■ YOUR ASSIGNMENT:
All of the data should be repeated exactly; pictures are not part of the copy.

■ DATA SHOWN:
■ ■ ■

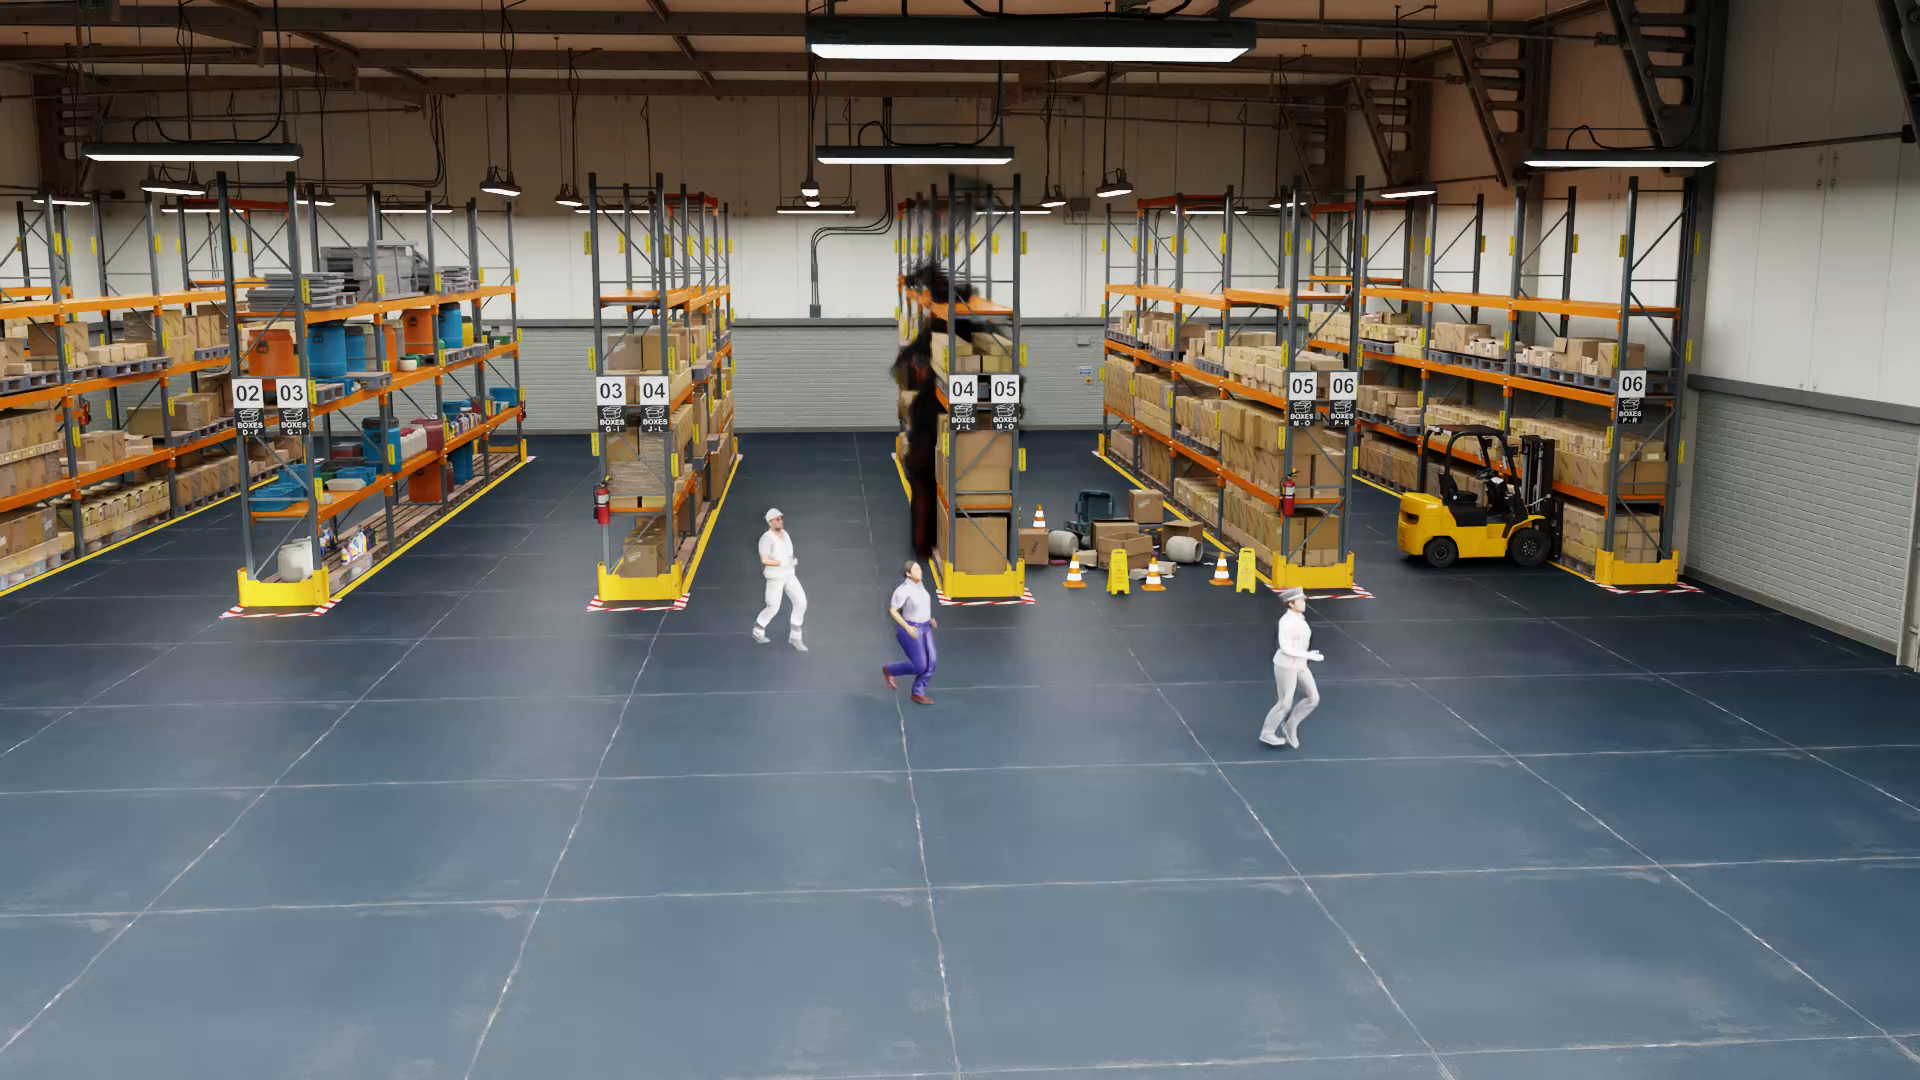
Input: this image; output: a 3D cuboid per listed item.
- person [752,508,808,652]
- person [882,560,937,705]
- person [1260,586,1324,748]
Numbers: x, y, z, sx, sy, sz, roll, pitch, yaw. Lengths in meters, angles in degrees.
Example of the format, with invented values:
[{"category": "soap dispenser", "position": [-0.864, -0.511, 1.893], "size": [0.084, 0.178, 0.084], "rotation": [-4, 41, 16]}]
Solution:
[{"category": "person", "position": [-2.264, 0.500, 20.833], "size": [0.792, 1.820, 0.669], "rotation": [7, 12, 36]}, {"category": "person", "position": [-0.549, 1.014, 18.442], "size": [0.587, 1.609, 0.615], "rotation": [6, 12, 29]}, {"category": "person", "position": [3.354, 1.287, 16.640], "size": [0.660, 1.703, 0.643], "rotation": [7, 12, 34]}]
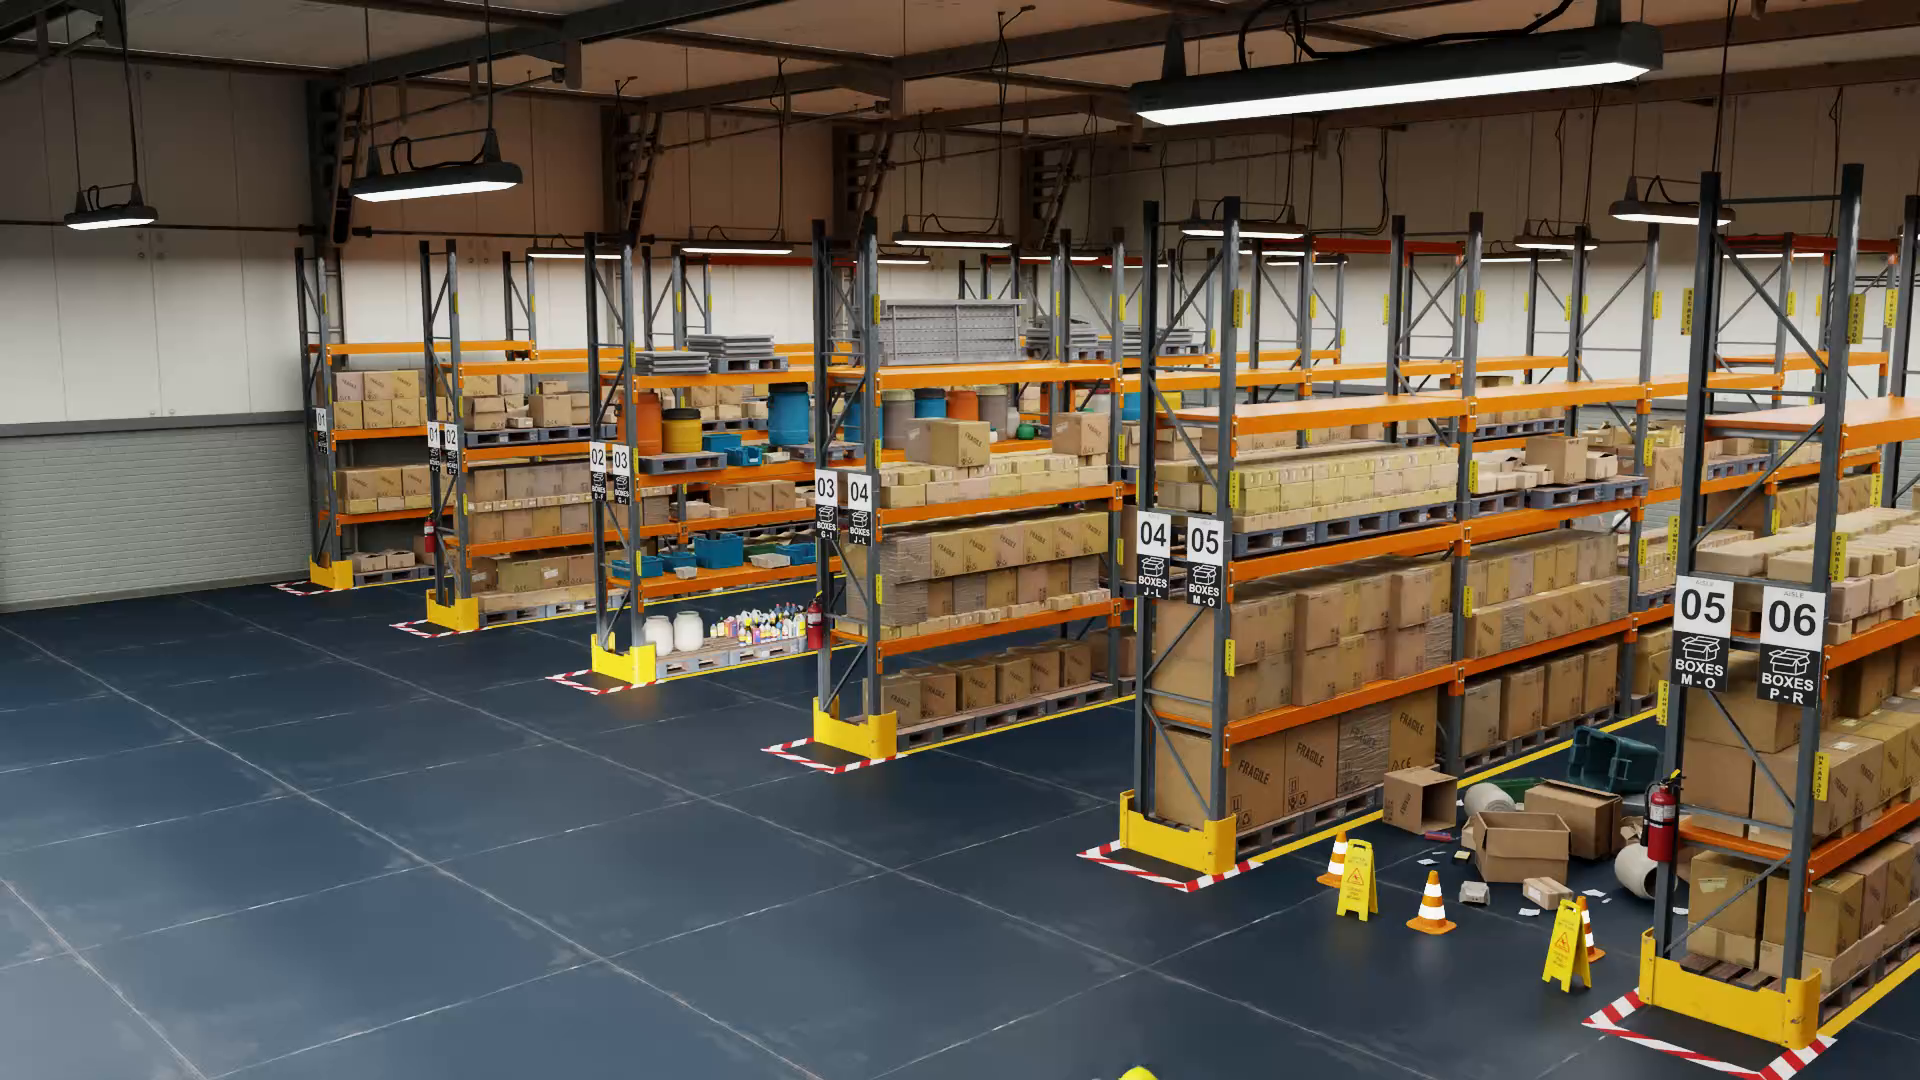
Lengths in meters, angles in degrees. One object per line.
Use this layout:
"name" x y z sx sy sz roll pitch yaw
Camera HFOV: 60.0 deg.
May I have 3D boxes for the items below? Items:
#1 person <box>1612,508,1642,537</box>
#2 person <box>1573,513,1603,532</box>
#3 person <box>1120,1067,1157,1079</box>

■ ■ ■

■ SOLUTION TO THIS EXERCISE:
Input: this image; output: a 3D cuboid per listed item.
- person [752,508,808,652]
- person [882,560,937,705]
- person [1260,586,1324,748]
Numbers: x, y, z, sx, sy, sz, roll, pitch, yaw. Lengths in meters, angles in degrees.
Example of the format, with invented values:
[{"category": "soap dispenser", "position": [-0.864, -0.511, 1.893], "size": [0.084, 0.178, 0.084], "rotation": [-4, 41, 16]}]
Solution:
[{"category": "person", "position": [-2.264, 0.500, 20.833], "size": [0.792, 1.820, 0.669], "rotation": [7, 12, 36]}, {"category": "person", "position": [-0.549, 1.014, 18.442], "size": [0.587, 1.609, 0.615], "rotation": [6, 12, 29]}, {"category": "person", "position": [3.354, 1.287, 16.640], "size": [0.660, 1.703, 0.643], "rotation": [7, 12, 34]}]
Lengths in meters, angles in degrees. One object per line.
Use this layout:
"name" x y z sx sy sz roll pitch yaw
Camera HFOV: 60.0 deg.
May I have 3D boxes for the items below? Items:
#1 person <box>1612,508,1642,537</box>
#2 person <box>1573,513,1603,532</box>
#3 person <box>1120,1067,1157,1079</box>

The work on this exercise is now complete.